- YOUR ASSIGNMENT:
The answer is a single number: the count of lines in the records below that contain the word "right".

─── SUPPLIED INFORMATION ───

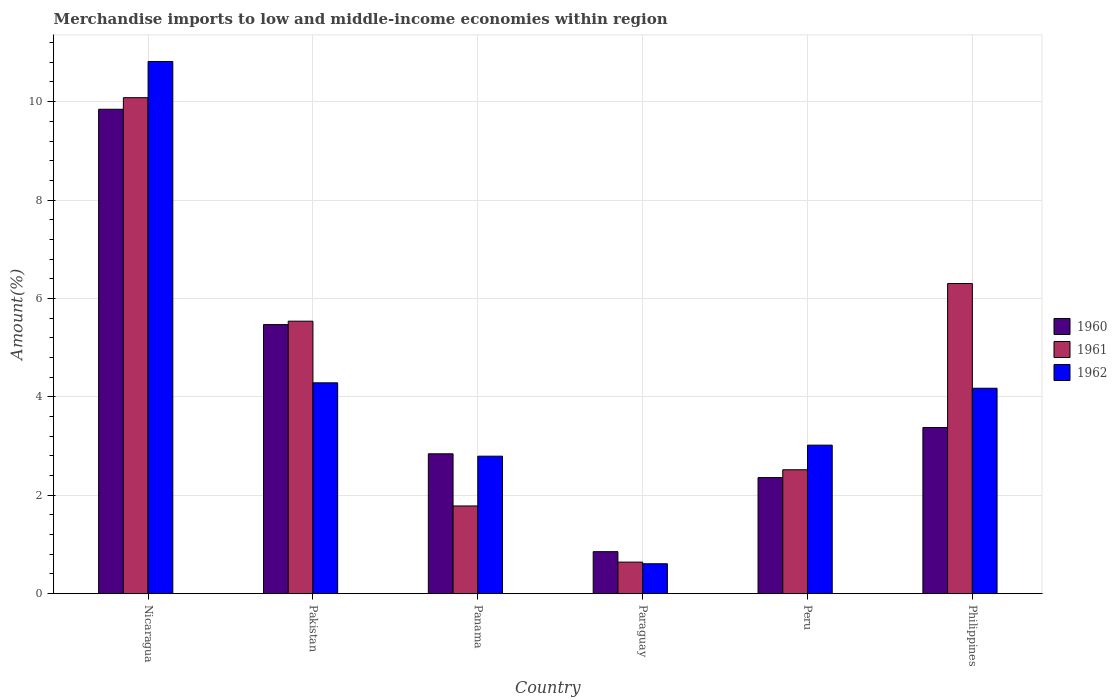How many groups of bars are there?
Your answer should be compact. 6. Are the number of bars per tick equal to the number of legend labels?
Give a very brief answer. Yes. How many bars are there on the 5th tick from the right?
Provide a short and direct response. 3. What is the label of the 2nd group of bars from the left?
Your answer should be compact. Pakistan. In how many cases, is the number of bars for a given country not equal to the number of legend labels?
Your response must be concise. 0. What is the percentage of amount earned from merchandise imports in 1961 in Peru?
Provide a succinct answer. 2.52. Across all countries, what is the maximum percentage of amount earned from merchandise imports in 1962?
Offer a terse response. 10.82. Across all countries, what is the minimum percentage of amount earned from merchandise imports in 1962?
Provide a succinct answer. 0.61. In which country was the percentage of amount earned from merchandise imports in 1961 maximum?
Ensure brevity in your answer.  Nicaragua. In which country was the percentage of amount earned from merchandise imports in 1960 minimum?
Give a very brief answer. Paraguay. What is the total percentage of amount earned from merchandise imports in 1960 in the graph?
Provide a short and direct response. 24.75. What is the difference between the percentage of amount earned from merchandise imports in 1962 in Panama and that in Paraguay?
Offer a terse response. 2.19. What is the difference between the percentage of amount earned from merchandise imports in 1962 in Peru and the percentage of amount earned from merchandise imports in 1961 in Paraguay?
Offer a very short reply. 2.38. What is the average percentage of amount earned from merchandise imports in 1962 per country?
Offer a very short reply. 4.28. What is the difference between the percentage of amount earned from merchandise imports of/in 1962 and percentage of amount earned from merchandise imports of/in 1961 in Nicaragua?
Your answer should be compact. 0.74. In how many countries, is the percentage of amount earned from merchandise imports in 1961 greater than 8.4 %?
Your answer should be very brief. 1. What is the ratio of the percentage of amount earned from merchandise imports in 1961 in Pakistan to that in Panama?
Provide a short and direct response. 3.11. Is the percentage of amount earned from merchandise imports in 1962 in Panama less than that in Peru?
Provide a short and direct response. Yes. What is the difference between the highest and the second highest percentage of amount earned from merchandise imports in 1961?
Provide a short and direct response. 4.54. What is the difference between the highest and the lowest percentage of amount earned from merchandise imports in 1961?
Keep it short and to the point. 9.44. In how many countries, is the percentage of amount earned from merchandise imports in 1960 greater than the average percentage of amount earned from merchandise imports in 1960 taken over all countries?
Keep it short and to the point. 2. Is the sum of the percentage of amount earned from merchandise imports in 1960 in Peru and Philippines greater than the maximum percentage of amount earned from merchandise imports in 1962 across all countries?
Offer a very short reply. No. What does the 1st bar from the right in Paraguay represents?
Your answer should be very brief. 1962. Is it the case that in every country, the sum of the percentage of amount earned from merchandise imports in 1961 and percentage of amount earned from merchandise imports in 1962 is greater than the percentage of amount earned from merchandise imports in 1960?
Offer a terse response. Yes. How many bars are there?
Your answer should be compact. 18. How many countries are there in the graph?
Keep it short and to the point. 6. What is the difference between two consecutive major ticks on the Y-axis?
Your answer should be very brief. 2. Are the values on the major ticks of Y-axis written in scientific E-notation?
Your response must be concise. No. Does the graph contain any zero values?
Provide a short and direct response. No. Does the graph contain grids?
Provide a short and direct response. Yes. Where does the legend appear in the graph?
Your answer should be compact. Center right. How many legend labels are there?
Provide a short and direct response. 3. How are the legend labels stacked?
Your response must be concise. Vertical. What is the title of the graph?
Ensure brevity in your answer.  Merchandise imports to low and middle-income economies within region. Does "1972" appear as one of the legend labels in the graph?
Your response must be concise. No. What is the label or title of the Y-axis?
Offer a terse response. Amount(%). What is the Amount(%) of 1960 in Nicaragua?
Provide a short and direct response. 9.85. What is the Amount(%) of 1961 in Nicaragua?
Offer a terse response. 10.08. What is the Amount(%) of 1962 in Nicaragua?
Your response must be concise. 10.82. What is the Amount(%) of 1960 in Pakistan?
Provide a succinct answer. 5.47. What is the Amount(%) of 1961 in Pakistan?
Ensure brevity in your answer.  5.54. What is the Amount(%) of 1962 in Pakistan?
Keep it short and to the point. 4.29. What is the Amount(%) of 1960 in Panama?
Your response must be concise. 2.84. What is the Amount(%) in 1961 in Panama?
Offer a very short reply. 1.78. What is the Amount(%) of 1962 in Panama?
Ensure brevity in your answer.  2.79. What is the Amount(%) in 1960 in Paraguay?
Keep it short and to the point. 0.85. What is the Amount(%) of 1961 in Paraguay?
Give a very brief answer. 0.64. What is the Amount(%) in 1962 in Paraguay?
Offer a terse response. 0.61. What is the Amount(%) of 1960 in Peru?
Offer a very short reply. 2.36. What is the Amount(%) in 1961 in Peru?
Ensure brevity in your answer.  2.52. What is the Amount(%) of 1962 in Peru?
Offer a very short reply. 3.02. What is the Amount(%) in 1960 in Philippines?
Provide a short and direct response. 3.38. What is the Amount(%) in 1961 in Philippines?
Ensure brevity in your answer.  6.3. What is the Amount(%) in 1962 in Philippines?
Make the answer very short. 4.18. Across all countries, what is the maximum Amount(%) of 1960?
Provide a short and direct response. 9.85. Across all countries, what is the maximum Amount(%) in 1961?
Provide a short and direct response. 10.08. Across all countries, what is the maximum Amount(%) in 1962?
Make the answer very short. 10.82. Across all countries, what is the minimum Amount(%) in 1960?
Ensure brevity in your answer.  0.85. Across all countries, what is the minimum Amount(%) in 1961?
Offer a very short reply. 0.64. Across all countries, what is the minimum Amount(%) in 1962?
Your answer should be very brief. 0.61. What is the total Amount(%) of 1960 in the graph?
Keep it short and to the point. 24.75. What is the total Amount(%) in 1961 in the graph?
Your answer should be very brief. 26.86. What is the total Amount(%) in 1962 in the graph?
Your response must be concise. 25.7. What is the difference between the Amount(%) of 1960 in Nicaragua and that in Pakistan?
Your answer should be compact. 4.38. What is the difference between the Amount(%) in 1961 in Nicaragua and that in Pakistan?
Ensure brevity in your answer.  4.54. What is the difference between the Amount(%) of 1962 in Nicaragua and that in Pakistan?
Offer a very short reply. 6.53. What is the difference between the Amount(%) of 1960 in Nicaragua and that in Panama?
Provide a short and direct response. 7. What is the difference between the Amount(%) in 1961 in Nicaragua and that in Panama?
Ensure brevity in your answer.  8.3. What is the difference between the Amount(%) of 1962 in Nicaragua and that in Panama?
Make the answer very short. 8.02. What is the difference between the Amount(%) in 1960 in Nicaragua and that in Paraguay?
Offer a terse response. 8.99. What is the difference between the Amount(%) of 1961 in Nicaragua and that in Paraguay?
Provide a succinct answer. 9.44. What is the difference between the Amount(%) of 1962 in Nicaragua and that in Paraguay?
Your answer should be very brief. 10.21. What is the difference between the Amount(%) in 1960 in Nicaragua and that in Peru?
Offer a very short reply. 7.49. What is the difference between the Amount(%) of 1961 in Nicaragua and that in Peru?
Offer a very short reply. 7.56. What is the difference between the Amount(%) in 1962 in Nicaragua and that in Peru?
Your response must be concise. 7.8. What is the difference between the Amount(%) of 1960 in Nicaragua and that in Philippines?
Provide a short and direct response. 6.47. What is the difference between the Amount(%) of 1961 in Nicaragua and that in Philippines?
Make the answer very short. 3.78. What is the difference between the Amount(%) of 1962 in Nicaragua and that in Philippines?
Provide a short and direct response. 6.64. What is the difference between the Amount(%) of 1960 in Pakistan and that in Panama?
Make the answer very short. 2.63. What is the difference between the Amount(%) in 1961 in Pakistan and that in Panama?
Ensure brevity in your answer.  3.76. What is the difference between the Amount(%) in 1962 in Pakistan and that in Panama?
Your answer should be compact. 1.49. What is the difference between the Amount(%) of 1960 in Pakistan and that in Paraguay?
Your answer should be very brief. 4.62. What is the difference between the Amount(%) in 1961 in Pakistan and that in Paraguay?
Give a very brief answer. 4.9. What is the difference between the Amount(%) in 1962 in Pakistan and that in Paraguay?
Provide a succinct answer. 3.68. What is the difference between the Amount(%) of 1960 in Pakistan and that in Peru?
Your answer should be very brief. 3.11. What is the difference between the Amount(%) of 1961 in Pakistan and that in Peru?
Ensure brevity in your answer.  3.02. What is the difference between the Amount(%) in 1962 in Pakistan and that in Peru?
Your answer should be compact. 1.27. What is the difference between the Amount(%) in 1960 in Pakistan and that in Philippines?
Your answer should be compact. 2.09. What is the difference between the Amount(%) of 1961 in Pakistan and that in Philippines?
Ensure brevity in your answer.  -0.76. What is the difference between the Amount(%) of 1962 in Pakistan and that in Philippines?
Ensure brevity in your answer.  0.11. What is the difference between the Amount(%) in 1960 in Panama and that in Paraguay?
Your answer should be compact. 1.99. What is the difference between the Amount(%) of 1961 in Panama and that in Paraguay?
Make the answer very short. 1.14. What is the difference between the Amount(%) in 1962 in Panama and that in Paraguay?
Your answer should be compact. 2.19. What is the difference between the Amount(%) of 1960 in Panama and that in Peru?
Offer a very short reply. 0.48. What is the difference between the Amount(%) of 1961 in Panama and that in Peru?
Your answer should be very brief. -0.74. What is the difference between the Amount(%) of 1962 in Panama and that in Peru?
Your response must be concise. -0.22. What is the difference between the Amount(%) in 1960 in Panama and that in Philippines?
Give a very brief answer. -0.53. What is the difference between the Amount(%) of 1961 in Panama and that in Philippines?
Offer a terse response. -4.52. What is the difference between the Amount(%) of 1962 in Panama and that in Philippines?
Your answer should be compact. -1.38. What is the difference between the Amount(%) in 1960 in Paraguay and that in Peru?
Provide a short and direct response. -1.51. What is the difference between the Amount(%) of 1961 in Paraguay and that in Peru?
Your response must be concise. -1.88. What is the difference between the Amount(%) in 1962 in Paraguay and that in Peru?
Your answer should be compact. -2.41. What is the difference between the Amount(%) in 1960 in Paraguay and that in Philippines?
Keep it short and to the point. -2.52. What is the difference between the Amount(%) in 1961 in Paraguay and that in Philippines?
Make the answer very short. -5.66. What is the difference between the Amount(%) in 1962 in Paraguay and that in Philippines?
Your answer should be very brief. -3.57. What is the difference between the Amount(%) of 1960 in Peru and that in Philippines?
Offer a very short reply. -1.02. What is the difference between the Amount(%) of 1961 in Peru and that in Philippines?
Give a very brief answer. -3.78. What is the difference between the Amount(%) in 1962 in Peru and that in Philippines?
Ensure brevity in your answer.  -1.16. What is the difference between the Amount(%) of 1960 in Nicaragua and the Amount(%) of 1961 in Pakistan?
Offer a very short reply. 4.31. What is the difference between the Amount(%) of 1960 in Nicaragua and the Amount(%) of 1962 in Pakistan?
Provide a succinct answer. 5.56. What is the difference between the Amount(%) of 1961 in Nicaragua and the Amount(%) of 1962 in Pakistan?
Your answer should be compact. 5.8. What is the difference between the Amount(%) in 1960 in Nicaragua and the Amount(%) in 1961 in Panama?
Give a very brief answer. 8.06. What is the difference between the Amount(%) of 1960 in Nicaragua and the Amount(%) of 1962 in Panama?
Offer a terse response. 7.05. What is the difference between the Amount(%) in 1961 in Nicaragua and the Amount(%) in 1962 in Panama?
Ensure brevity in your answer.  7.29. What is the difference between the Amount(%) in 1960 in Nicaragua and the Amount(%) in 1961 in Paraguay?
Provide a succinct answer. 9.2. What is the difference between the Amount(%) of 1960 in Nicaragua and the Amount(%) of 1962 in Paraguay?
Give a very brief answer. 9.24. What is the difference between the Amount(%) in 1961 in Nicaragua and the Amount(%) in 1962 in Paraguay?
Offer a terse response. 9.47. What is the difference between the Amount(%) of 1960 in Nicaragua and the Amount(%) of 1961 in Peru?
Keep it short and to the point. 7.33. What is the difference between the Amount(%) in 1960 in Nicaragua and the Amount(%) in 1962 in Peru?
Your answer should be very brief. 6.83. What is the difference between the Amount(%) in 1961 in Nicaragua and the Amount(%) in 1962 in Peru?
Provide a short and direct response. 7.06. What is the difference between the Amount(%) of 1960 in Nicaragua and the Amount(%) of 1961 in Philippines?
Ensure brevity in your answer.  3.54. What is the difference between the Amount(%) of 1960 in Nicaragua and the Amount(%) of 1962 in Philippines?
Offer a very short reply. 5.67. What is the difference between the Amount(%) of 1961 in Nicaragua and the Amount(%) of 1962 in Philippines?
Make the answer very short. 5.91. What is the difference between the Amount(%) of 1960 in Pakistan and the Amount(%) of 1961 in Panama?
Provide a short and direct response. 3.69. What is the difference between the Amount(%) of 1960 in Pakistan and the Amount(%) of 1962 in Panama?
Your answer should be compact. 2.67. What is the difference between the Amount(%) in 1961 in Pakistan and the Amount(%) in 1962 in Panama?
Ensure brevity in your answer.  2.74. What is the difference between the Amount(%) of 1960 in Pakistan and the Amount(%) of 1961 in Paraguay?
Your answer should be very brief. 4.83. What is the difference between the Amount(%) of 1960 in Pakistan and the Amount(%) of 1962 in Paraguay?
Make the answer very short. 4.86. What is the difference between the Amount(%) in 1961 in Pakistan and the Amount(%) in 1962 in Paraguay?
Offer a terse response. 4.93. What is the difference between the Amount(%) of 1960 in Pakistan and the Amount(%) of 1961 in Peru?
Give a very brief answer. 2.95. What is the difference between the Amount(%) in 1960 in Pakistan and the Amount(%) in 1962 in Peru?
Your answer should be compact. 2.45. What is the difference between the Amount(%) of 1961 in Pakistan and the Amount(%) of 1962 in Peru?
Make the answer very short. 2.52. What is the difference between the Amount(%) of 1960 in Pakistan and the Amount(%) of 1961 in Philippines?
Provide a succinct answer. -0.83. What is the difference between the Amount(%) of 1960 in Pakistan and the Amount(%) of 1962 in Philippines?
Offer a very short reply. 1.29. What is the difference between the Amount(%) in 1961 in Pakistan and the Amount(%) in 1962 in Philippines?
Offer a terse response. 1.36. What is the difference between the Amount(%) in 1960 in Panama and the Amount(%) in 1961 in Paraguay?
Give a very brief answer. 2.2. What is the difference between the Amount(%) in 1960 in Panama and the Amount(%) in 1962 in Paraguay?
Give a very brief answer. 2.23. What is the difference between the Amount(%) of 1961 in Panama and the Amount(%) of 1962 in Paraguay?
Offer a terse response. 1.17. What is the difference between the Amount(%) of 1960 in Panama and the Amount(%) of 1961 in Peru?
Offer a terse response. 0.32. What is the difference between the Amount(%) in 1960 in Panama and the Amount(%) in 1962 in Peru?
Your answer should be very brief. -0.18. What is the difference between the Amount(%) in 1961 in Panama and the Amount(%) in 1962 in Peru?
Make the answer very short. -1.24. What is the difference between the Amount(%) in 1960 in Panama and the Amount(%) in 1961 in Philippines?
Your answer should be very brief. -3.46. What is the difference between the Amount(%) of 1960 in Panama and the Amount(%) of 1962 in Philippines?
Keep it short and to the point. -1.33. What is the difference between the Amount(%) in 1961 in Panama and the Amount(%) in 1962 in Philippines?
Make the answer very short. -2.39. What is the difference between the Amount(%) of 1960 in Paraguay and the Amount(%) of 1961 in Peru?
Your answer should be very brief. -1.66. What is the difference between the Amount(%) of 1960 in Paraguay and the Amount(%) of 1962 in Peru?
Your answer should be very brief. -2.17. What is the difference between the Amount(%) in 1961 in Paraguay and the Amount(%) in 1962 in Peru?
Your answer should be compact. -2.38. What is the difference between the Amount(%) in 1960 in Paraguay and the Amount(%) in 1961 in Philippines?
Offer a terse response. -5.45. What is the difference between the Amount(%) in 1960 in Paraguay and the Amount(%) in 1962 in Philippines?
Give a very brief answer. -3.32. What is the difference between the Amount(%) of 1961 in Paraguay and the Amount(%) of 1962 in Philippines?
Your response must be concise. -3.53. What is the difference between the Amount(%) in 1960 in Peru and the Amount(%) in 1961 in Philippines?
Your answer should be very brief. -3.94. What is the difference between the Amount(%) of 1960 in Peru and the Amount(%) of 1962 in Philippines?
Your response must be concise. -1.82. What is the difference between the Amount(%) of 1961 in Peru and the Amount(%) of 1962 in Philippines?
Offer a very short reply. -1.66. What is the average Amount(%) in 1960 per country?
Make the answer very short. 4.12. What is the average Amount(%) of 1961 per country?
Ensure brevity in your answer.  4.48. What is the average Amount(%) of 1962 per country?
Offer a terse response. 4.28. What is the difference between the Amount(%) of 1960 and Amount(%) of 1961 in Nicaragua?
Your answer should be very brief. -0.24. What is the difference between the Amount(%) of 1960 and Amount(%) of 1962 in Nicaragua?
Your answer should be very brief. -0.97. What is the difference between the Amount(%) in 1961 and Amount(%) in 1962 in Nicaragua?
Provide a succinct answer. -0.74. What is the difference between the Amount(%) in 1960 and Amount(%) in 1961 in Pakistan?
Provide a succinct answer. -0.07. What is the difference between the Amount(%) in 1960 and Amount(%) in 1962 in Pakistan?
Provide a succinct answer. 1.18. What is the difference between the Amount(%) of 1961 and Amount(%) of 1962 in Pakistan?
Your answer should be very brief. 1.25. What is the difference between the Amount(%) in 1960 and Amount(%) in 1961 in Panama?
Offer a very short reply. 1.06. What is the difference between the Amount(%) in 1960 and Amount(%) in 1962 in Panama?
Offer a very short reply. 0.05. What is the difference between the Amount(%) in 1961 and Amount(%) in 1962 in Panama?
Offer a very short reply. -1.01. What is the difference between the Amount(%) of 1960 and Amount(%) of 1961 in Paraguay?
Offer a terse response. 0.21. What is the difference between the Amount(%) in 1960 and Amount(%) in 1962 in Paraguay?
Your response must be concise. 0.25. What is the difference between the Amount(%) in 1961 and Amount(%) in 1962 in Paraguay?
Keep it short and to the point. 0.03. What is the difference between the Amount(%) of 1960 and Amount(%) of 1961 in Peru?
Make the answer very short. -0.16. What is the difference between the Amount(%) in 1960 and Amount(%) in 1962 in Peru?
Provide a short and direct response. -0.66. What is the difference between the Amount(%) of 1961 and Amount(%) of 1962 in Peru?
Provide a succinct answer. -0.5. What is the difference between the Amount(%) of 1960 and Amount(%) of 1961 in Philippines?
Give a very brief answer. -2.93. What is the difference between the Amount(%) in 1960 and Amount(%) in 1962 in Philippines?
Your response must be concise. -0.8. What is the difference between the Amount(%) of 1961 and Amount(%) of 1962 in Philippines?
Provide a short and direct response. 2.13. What is the ratio of the Amount(%) of 1960 in Nicaragua to that in Pakistan?
Your response must be concise. 1.8. What is the ratio of the Amount(%) in 1961 in Nicaragua to that in Pakistan?
Provide a short and direct response. 1.82. What is the ratio of the Amount(%) in 1962 in Nicaragua to that in Pakistan?
Your response must be concise. 2.52. What is the ratio of the Amount(%) of 1960 in Nicaragua to that in Panama?
Your answer should be very brief. 3.46. What is the ratio of the Amount(%) of 1961 in Nicaragua to that in Panama?
Your answer should be very brief. 5.66. What is the ratio of the Amount(%) in 1962 in Nicaragua to that in Panama?
Offer a terse response. 3.87. What is the ratio of the Amount(%) in 1960 in Nicaragua to that in Paraguay?
Ensure brevity in your answer.  11.54. What is the ratio of the Amount(%) of 1961 in Nicaragua to that in Paraguay?
Make the answer very short. 15.72. What is the ratio of the Amount(%) of 1962 in Nicaragua to that in Paraguay?
Make the answer very short. 17.8. What is the ratio of the Amount(%) of 1960 in Nicaragua to that in Peru?
Provide a short and direct response. 4.17. What is the ratio of the Amount(%) in 1961 in Nicaragua to that in Peru?
Offer a very short reply. 4. What is the ratio of the Amount(%) of 1962 in Nicaragua to that in Peru?
Ensure brevity in your answer.  3.58. What is the ratio of the Amount(%) of 1960 in Nicaragua to that in Philippines?
Offer a terse response. 2.92. What is the ratio of the Amount(%) in 1961 in Nicaragua to that in Philippines?
Offer a terse response. 1.6. What is the ratio of the Amount(%) in 1962 in Nicaragua to that in Philippines?
Your answer should be compact. 2.59. What is the ratio of the Amount(%) in 1960 in Pakistan to that in Panama?
Ensure brevity in your answer.  1.92. What is the ratio of the Amount(%) in 1961 in Pakistan to that in Panama?
Make the answer very short. 3.11. What is the ratio of the Amount(%) in 1962 in Pakistan to that in Panama?
Offer a terse response. 1.53. What is the ratio of the Amount(%) of 1960 in Pakistan to that in Paraguay?
Your response must be concise. 6.41. What is the ratio of the Amount(%) in 1961 in Pakistan to that in Paraguay?
Make the answer very short. 8.64. What is the ratio of the Amount(%) in 1962 in Pakistan to that in Paraguay?
Your response must be concise. 7.05. What is the ratio of the Amount(%) in 1960 in Pakistan to that in Peru?
Make the answer very short. 2.32. What is the ratio of the Amount(%) of 1961 in Pakistan to that in Peru?
Provide a short and direct response. 2.2. What is the ratio of the Amount(%) of 1962 in Pakistan to that in Peru?
Offer a very short reply. 1.42. What is the ratio of the Amount(%) of 1960 in Pakistan to that in Philippines?
Keep it short and to the point. 1.62. What is the ratio of the Amount(%) in 1961 in Pakistan to that in Philippines?
Offer a terse response. 0.88. What is the ratio of the Amount(%) of 1962 in Pakistan to that in Philippines?
Keep it short and to the point. 1.03. What is the ratio of the Amount(%) of 1960 in Panama to that in Paraguay?
Your answer should be compact. 3.33. What is the ratio of the Amount(%) of 1961 in Panama to that in Paraguay?
Your response must be concise. 2.78. What is the ratio of the Amount(%) in 1962 in Panama to that in Paraguay?
Offer a terse response. 4.6. What is the ratio of the Amount(%) in 1960 in Panama to that in Peru?
Ensure brevity in your answer.  1.2. What is the ratio of the Amount(%) of 1961 in Panama to that in Peru?
Offer a terse response. 0.71. What is the ratio of the Amount(%) of 1962 in Panama to that in Peru?
Ensure brevity in your answer.  0.93. What is the ratio of the Amount(%) of 1960 in Panama to that in Philippines?
Offer a terse response. 0.84. What is the ratio of the Amount(%) of 1961 in Panama to that in Philippines?
Your response must be concise. 0.28. What is the ratio of the Amount(%) in 1962 in Panama to that in Philippines?
Your answer should be very brief. 0.67. What is the ratio of the Amount(%) in 1960 in Paraguay to that in Peru?
Your response must be concise. 0.36. What is the ratio of the Amount(%) in 1961 in Paraguay to that in Peru?
Provide a succinct answer. 0.25. What is the ratio of the Amount(%) of 1962 in Paraguay to that in Peru?
Give a very brief answer. 0.2. What is the ratio of the Amount(%) of 1960 in Paraguay to that in Philippines?
Make the answer very short. 0.25. What is the ratio of the Amount(%) in 1961 in Paraguay to that in Philippines?
Keep it short and to the point. 0.1. What is the ratio of the Amount(%) of 1962 in Paraguay to that in Philippines?
Give a very brief answer. 0.15. What is the ratio of the Amount(%) in 1960 in Peru to that in Philippines?
Offer a very short reply. 0.7. What is the ratio of the Amount(%) of 1961 in Peru to that in Philippines?
Your answer should be compact. 0.4. What is the ratio of the Amount(%) of 1962 in Peru to that in Philippines?
Provide a succinct answer. 0.72. What is the difference between the highest and the second highest Amount(%) in 1960?
Offer a very short reply. 4.38. What is the difference between the highest and the second highest Amount(%) of 1961?
Provide a short and direct response. 3.78. What is the difference between the highest and the second highest Amount(%) in 1962?
Make the answer very short. 6.53. What is the difference between the highest and the lowest Amount(%) in 1960?
Ensure brevity in your answer.  8.99. What is the difference between the highest and the lowest Amount(%) of 1961?
Your answer should be very brief. 9.44. What is the difference between the highest and the lowest Amount(%) in 1962?
Make the answer very short. 10.21.

───

- WRITTEN REPLY:
3